For this analysis I took starting pitchers that had 100+ innings pitched in 2021, which resulted in 115 starting pitchers. Each variable used in clustering adds a dimension to the data. For example, if we have three variables then the data lives in three dimensions. Obviously for four or higher we cannot visualize the data but also the data gets further apart, thus not as good clusters. I decided on three metrics: WAR, Swinging Strike %, and Barrel %. It is up for debate if these are the best to use and there very well could be a better combination, but I decided on these because they exemplify a pitcher’s value, swing and miss ability, and how well they limit hard contact. 

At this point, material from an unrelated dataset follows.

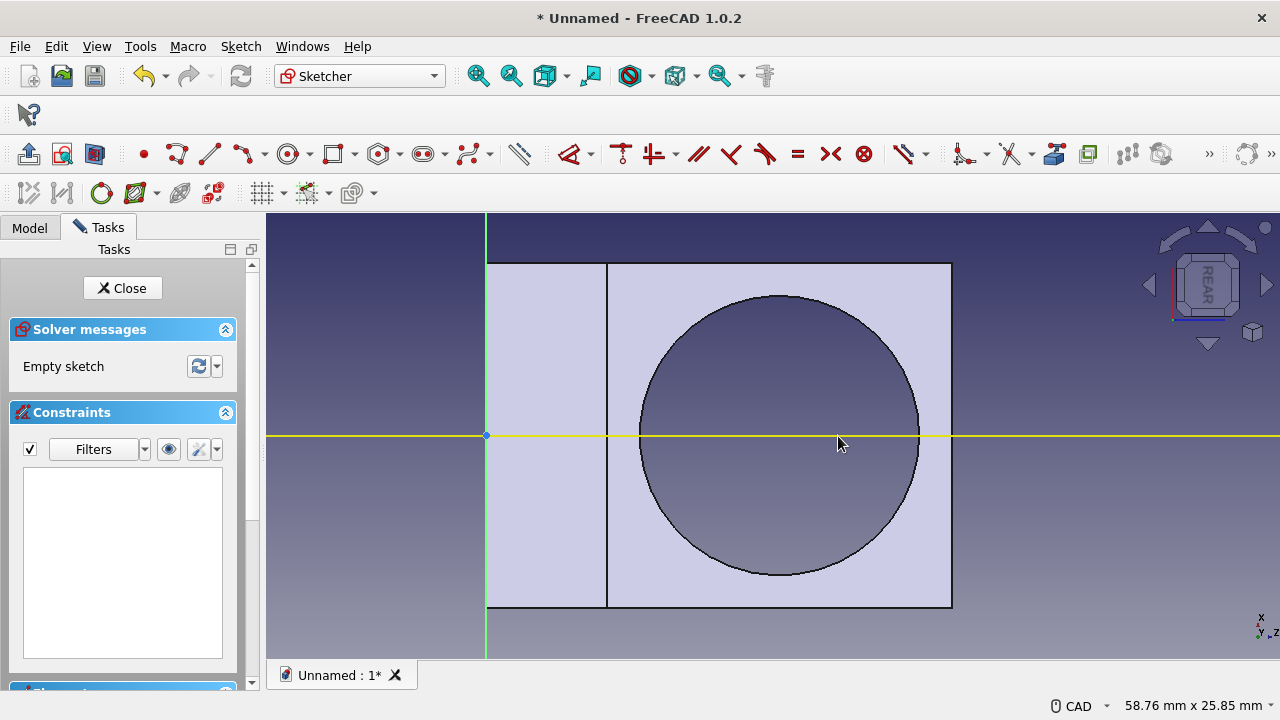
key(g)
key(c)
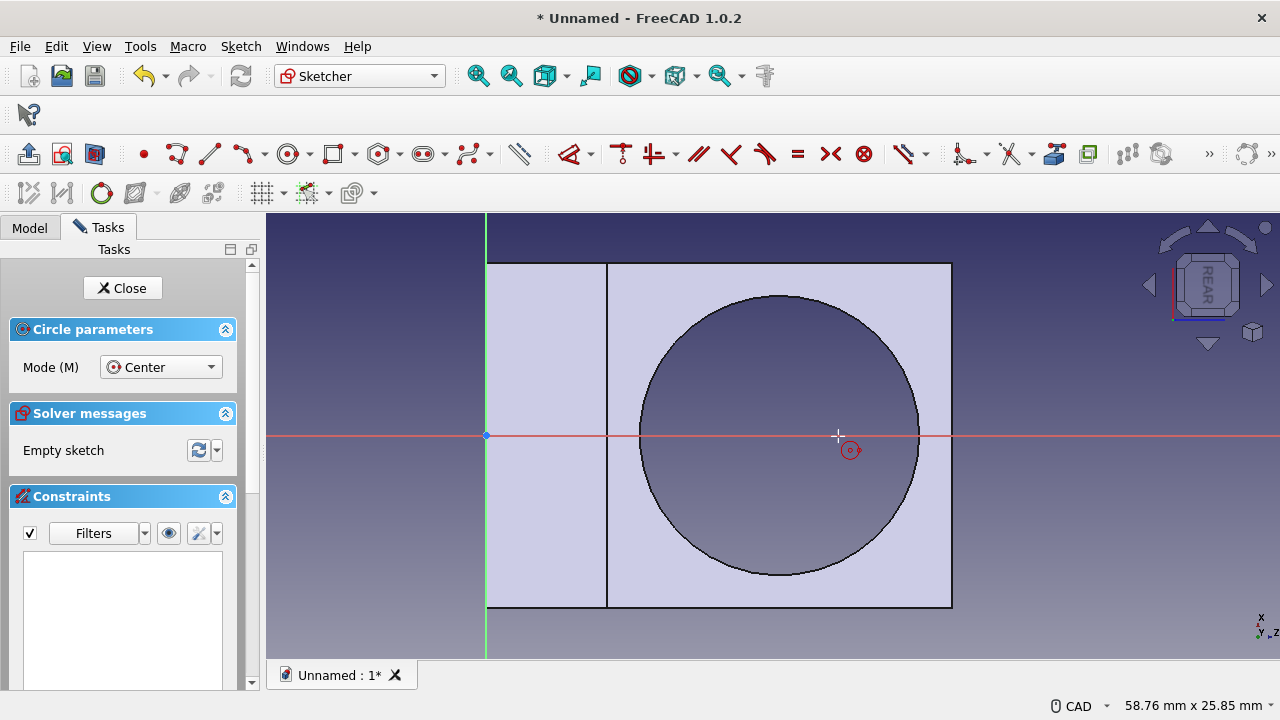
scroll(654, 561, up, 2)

The clustering technique I will be utilizing is called k-means. This algorithm clusters the data into k groups. The difficulty with this algorithm is that we must choose a k value to run it. So how do we choose k? Well sometimes it is chosen with domain knowledge if the number of groups is known already and other times we use a metric to determine the best k value. In this case I will be utilizing a mix of domain knowledge and a metric. The metric I will use is called a silhouette score, where a value closer to 1 indicates better clustering. A silhouette score considers how close data is to their own cluster (cohesion) and how far away they are from other clusters (separation). For k from 2-10 I will calculate the silhouette score, and I will repeat this 10 times and average them to avoid variation caused by randomness. When clustering, we always scale the data because the algorithm is distance based.

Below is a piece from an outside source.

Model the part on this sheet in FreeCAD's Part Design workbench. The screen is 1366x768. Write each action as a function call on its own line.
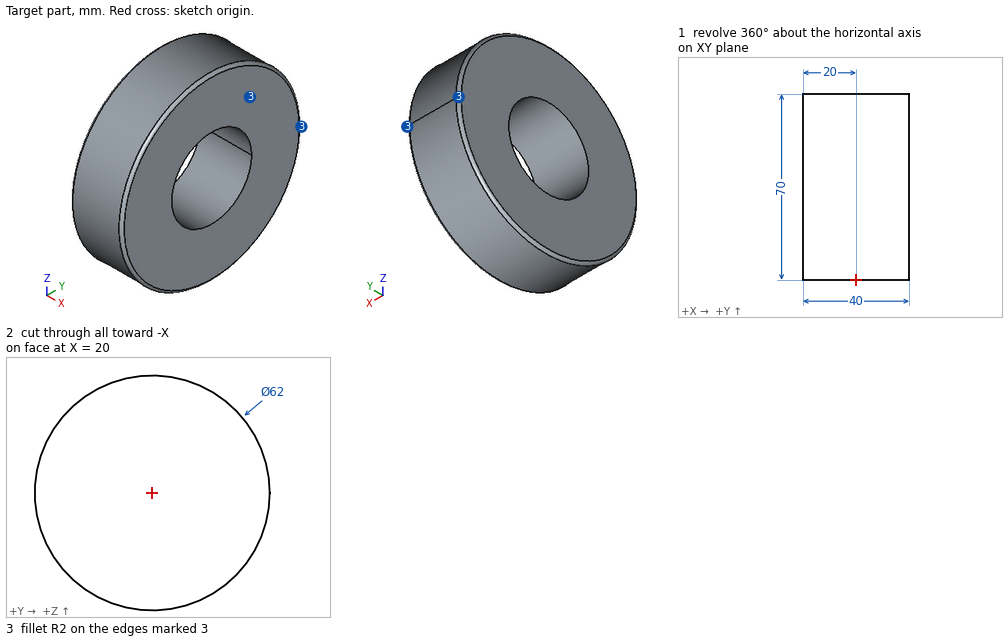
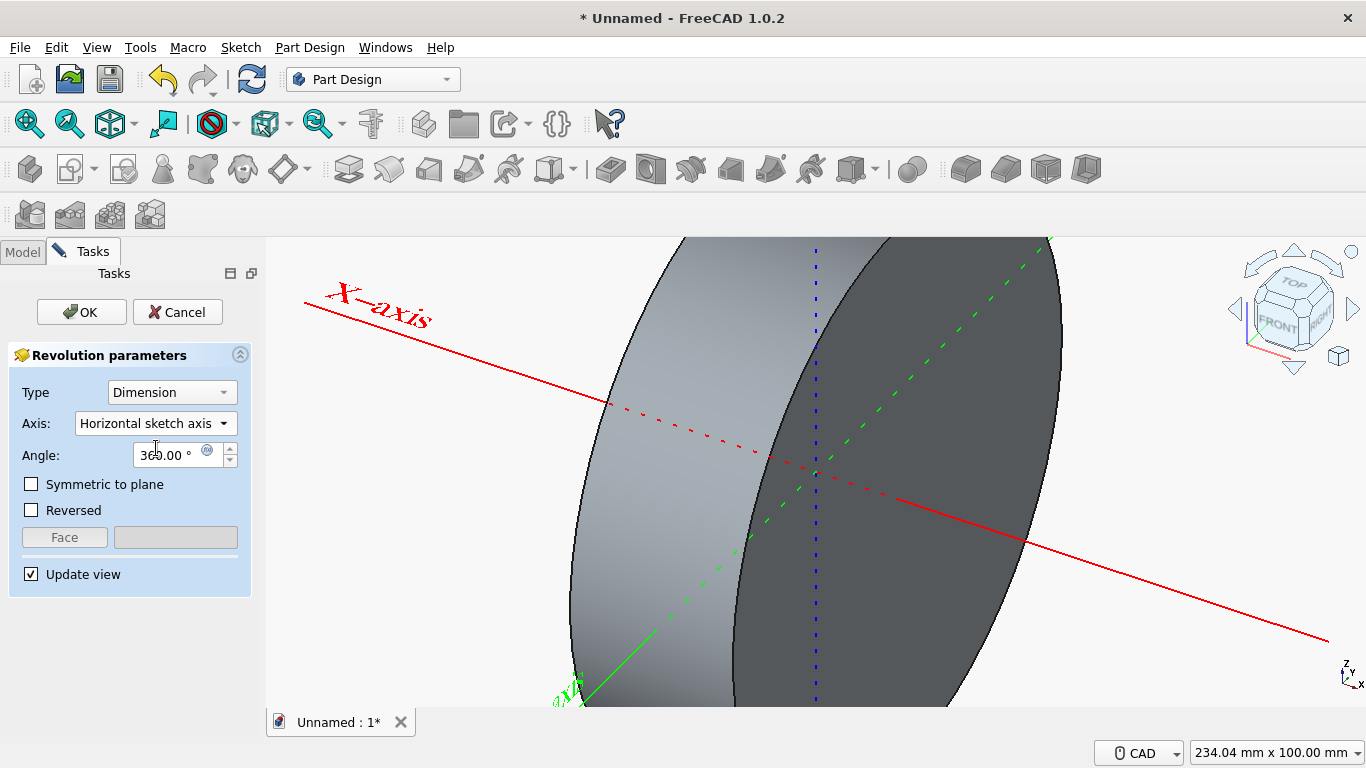
click(82, 312)

We have all the tools, let’s cluster!

Clustering

From the silhouette scores, the best option is two clusters with a value of 0.396. However, there are more than two types of pitchers in the league so I will go with three, which had a value of 0.32. Neither of these scores are great, as they are far from 1, but real data is never like in textbooks. Here are the averages of the metrics per cluster. 

ClusterWARSwinging Strike %Barrel %
13.670.1310.068
20.9890.1010.094
32.190.0990.077

Results

Since we have only three variables, we can visualize the data in a 3D plot and see the separation of clusters.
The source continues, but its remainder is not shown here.